Mirkin contrasted this approach with emerging “self-driving labs,” automated systems that use robotics and AI to propose, develop and test new materials iteratively. Those platforms typically work in a step-by-step manner, refining one experiment after another. But the megalibrary takes a massively parallel approach, generating and evaluating enormous numbers of candidates simultaneously.
“Compared to the megalibrary, which moves at a sprint, self-driving labs are basically crawling,” said Jarod Beights, a graduate student in the Mirkin Research Group and the study’s co-first author. “Those labs cannot compete with our speeds and cannot compete with the generation of data, which is absolutely essential for training AI algorithms.”
Designing materials with purpose
After demonstrating the platform’s ability to discover new materials, Mirkin wanted to use the megalibrary to design a material with a specific behavior. To meet this goal, Mirkin’s team focused on piezoelectric materials, which are used in a range of technologies, from ultrasound imaging and sensors to motion detectors and energy-harvesting devices. Using the platform, the researchers identified a previously unknown, chemically complex material that would have been extraordinarily difficult to find through conventional experimentation or the more iterative discovery approaches used by emerging self-driving labs.
But the bigger advance came next.
By analyzing how subtle changes in chemical composition affected performance, Mirkin’s team uncovered a useful relationship between material composition and operating temperature. Using that insight, the researchers engineered a piezoelectric material designed to maintain its function up to 80 degrees Celsius (176 degrees Fahrenheit). The ability to tune a material’s performance means scientists can begin tailoring materials for specific technologies and operating conditions, including temperature sensitive devices.

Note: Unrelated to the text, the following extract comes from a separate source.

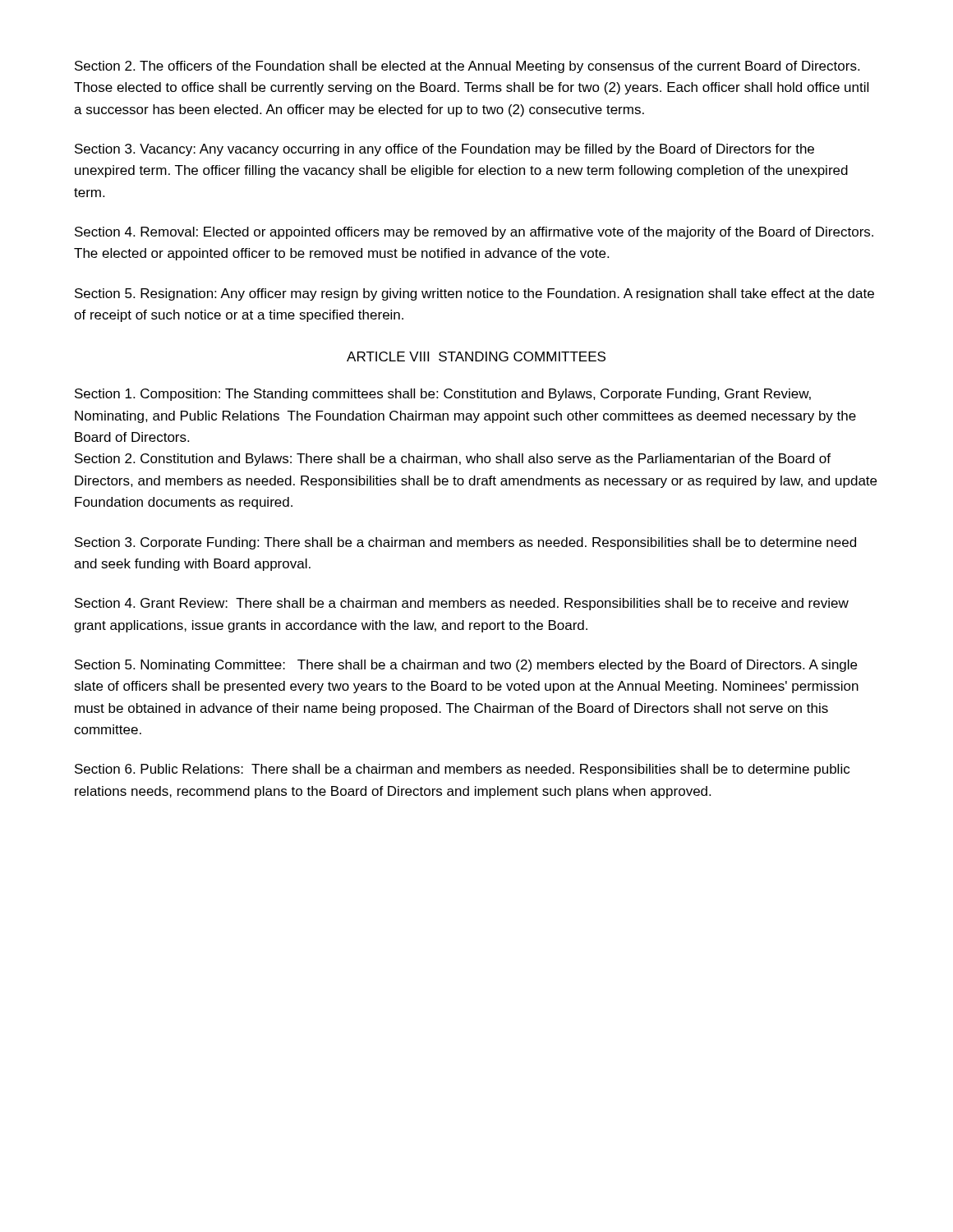Select the text block containing "Section 1. Composition: The Standing"
Screen dimensions: 1232x953
476,448

Fueling AI-driven discovery
Beyond materials discovery, the platform helps address a growing challenge in AI-driven science: the need for large high-quality datasets built from real-world experiments. AI systems are only as powerful as the datasets used to train them. While scientists increasingly can automate materials synthesis, rapidly collecting meaningful information about how those materials behave has remained a major bottleneck. The megalibrary could help overcome that challenge.

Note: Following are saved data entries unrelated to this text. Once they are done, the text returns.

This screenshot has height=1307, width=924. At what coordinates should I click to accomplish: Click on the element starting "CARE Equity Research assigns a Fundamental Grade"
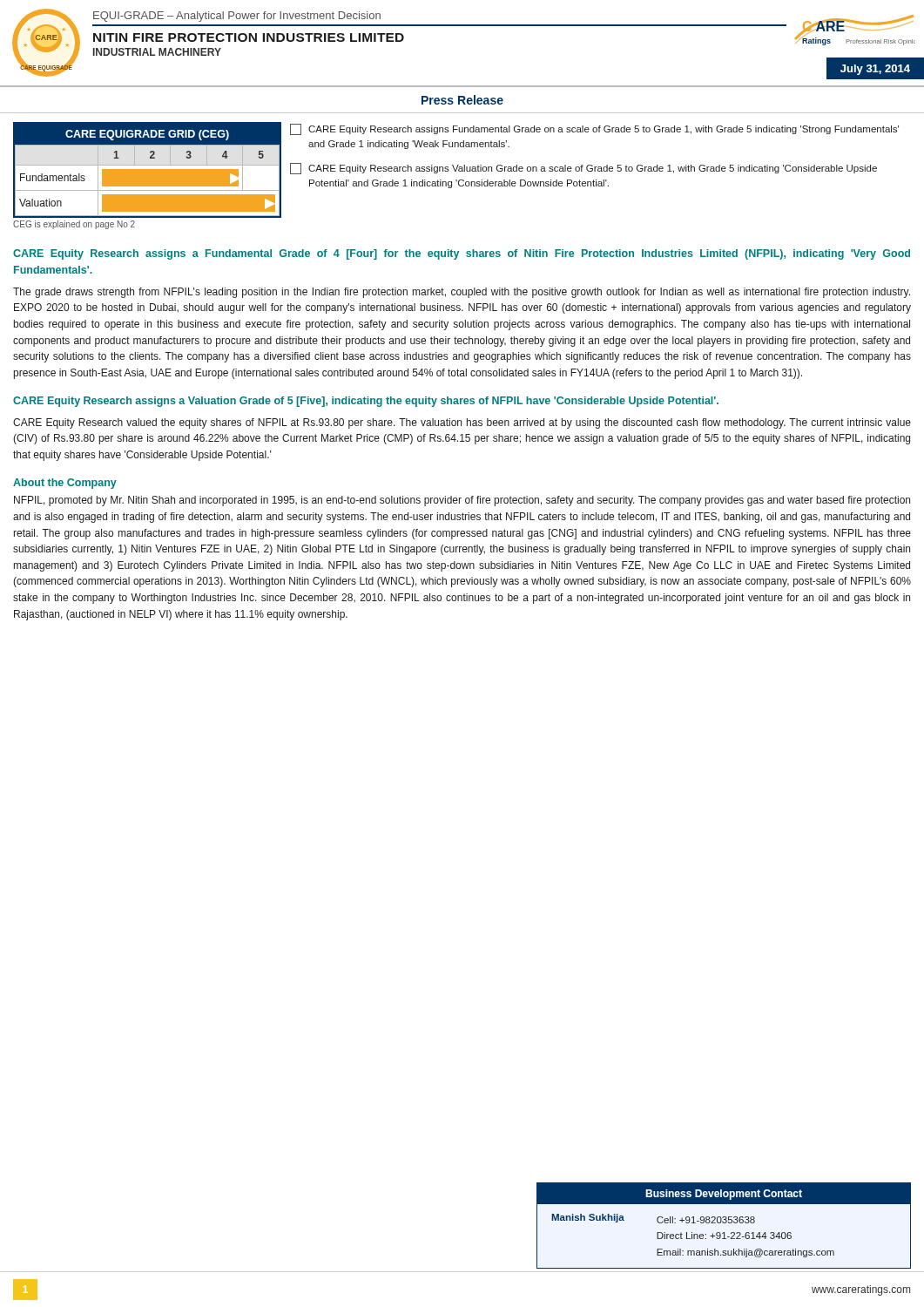click(462, 262)
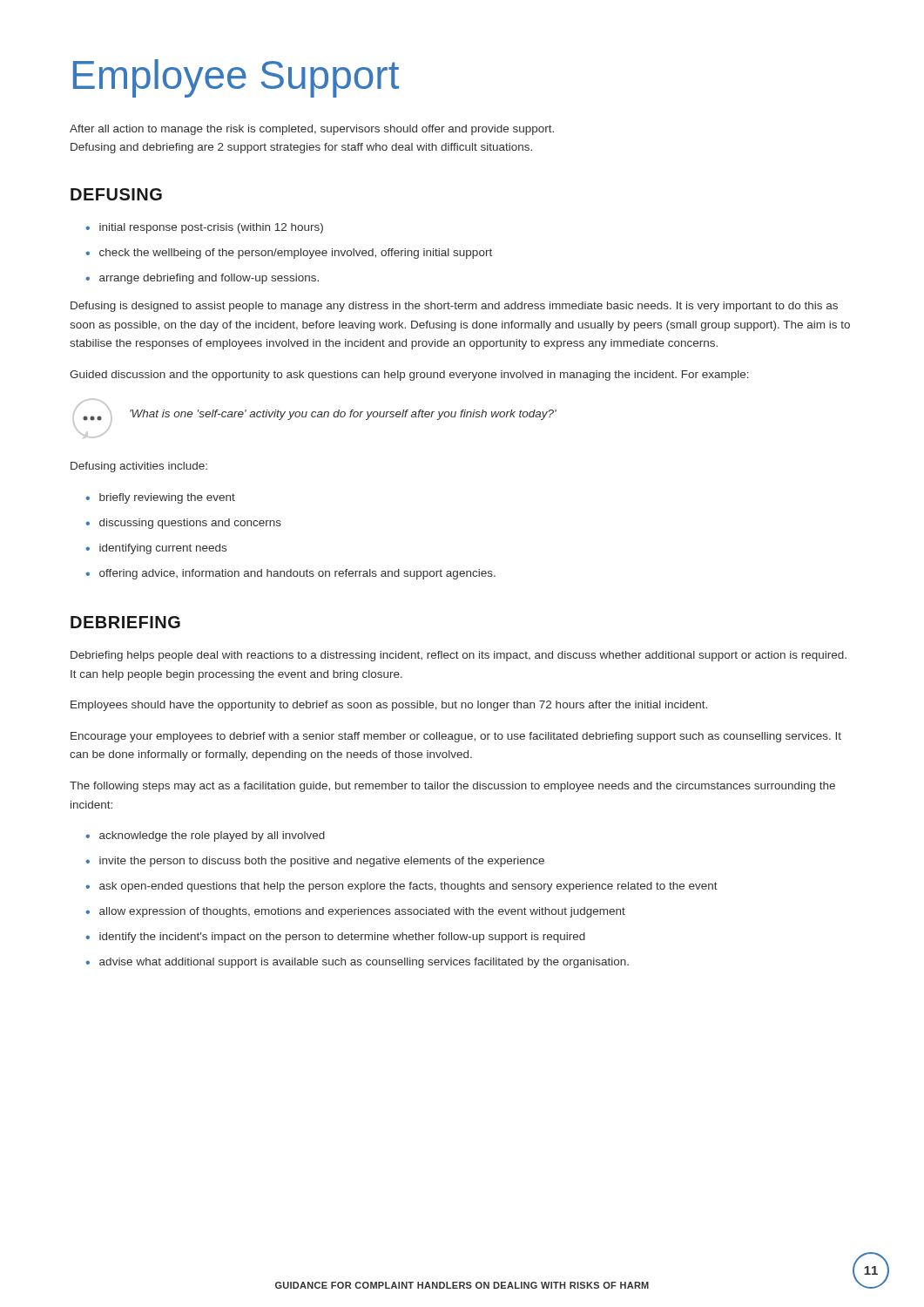
Task: Navigate to the region starting "After all action to manage"
Action: pos(312,138)
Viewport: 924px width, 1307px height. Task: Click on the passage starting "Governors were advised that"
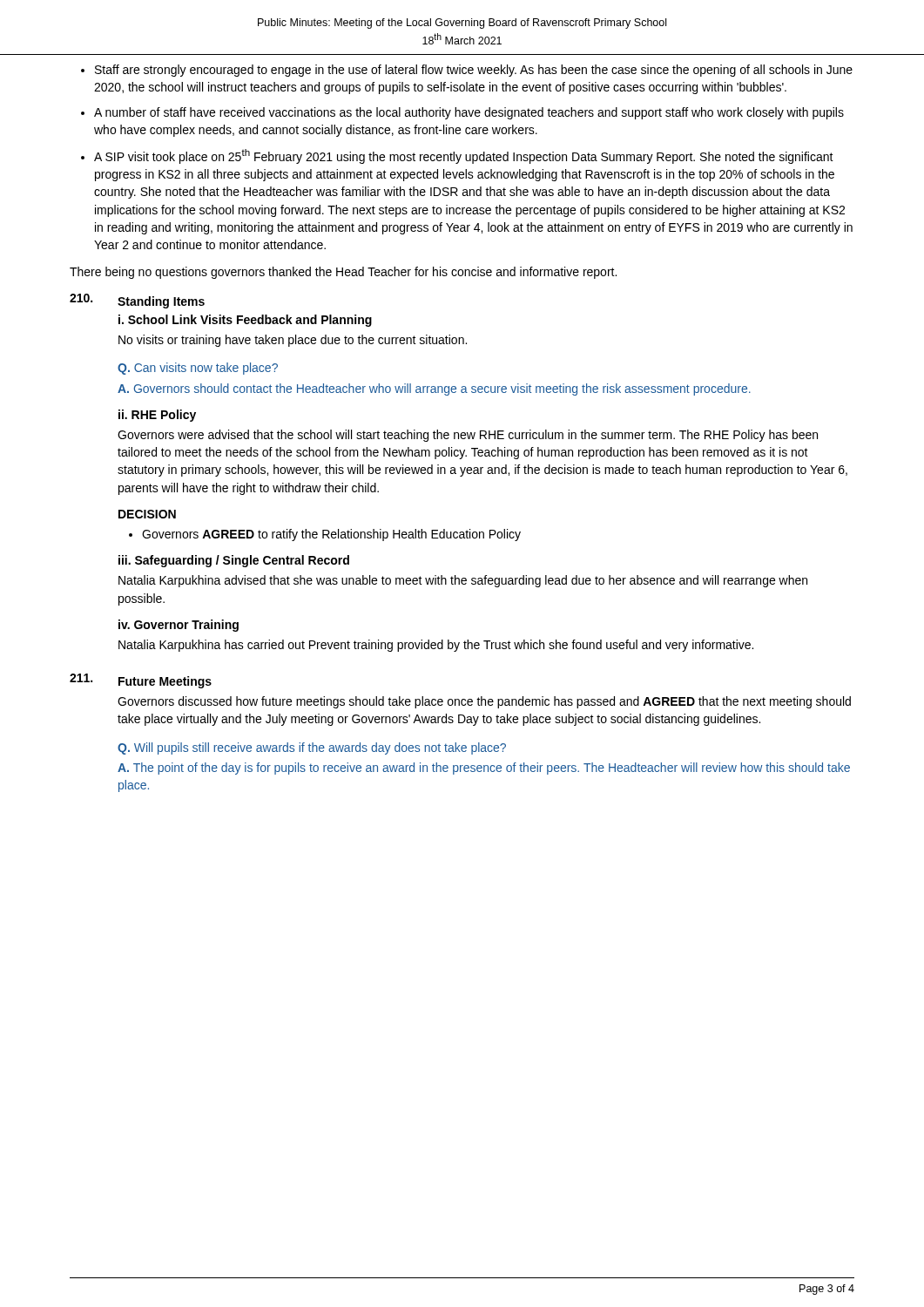[x=486, y=461]

By rapidly generating and screening vast numbers of materials, the platform can produce massive datasets linking chemistry to performance. Machine-learning algorithms need this type of structured information to identify hidden patterns, predict promising candidates and accelerate the future of discovery.
“We’ve developed a screening capability that allows researchers to look at literally a million different materials, generating a million data points,” said the study’s co-first author Jun Li, a former Northwestern postdoctoral fellow who is now an assistant professor of mechanical engineering at the University of Colorado Boulder. “We can use that data to train algorithms.”
Mirkin envisions extending the megalibrary approach across many types of materials and properties, helping build the data infrastructure for the next era of AI-assisted materials design.
“We’ve found materials for piezoelectrics, catalysis and photocatalysis, and we’re going to continue discovering materials across the board,” Mirkin said. “We’re going to repeat this process to find materials for batteries, for fusion, for optics. Our world depends on new materials, and we’ve only explored a tiny fraction of materials possibilities so far.”
Science Advances
High entropy 1D halide perovskite piezoelectrics discovered by megalibrary synthesis and rapid nonlinear optical screening
22-May-2026
Mirkin has financial interests in and affiliations with Mattiq, Inc. Northwestern University has financial interests (e.g., royalties) in Mattiq, Inc.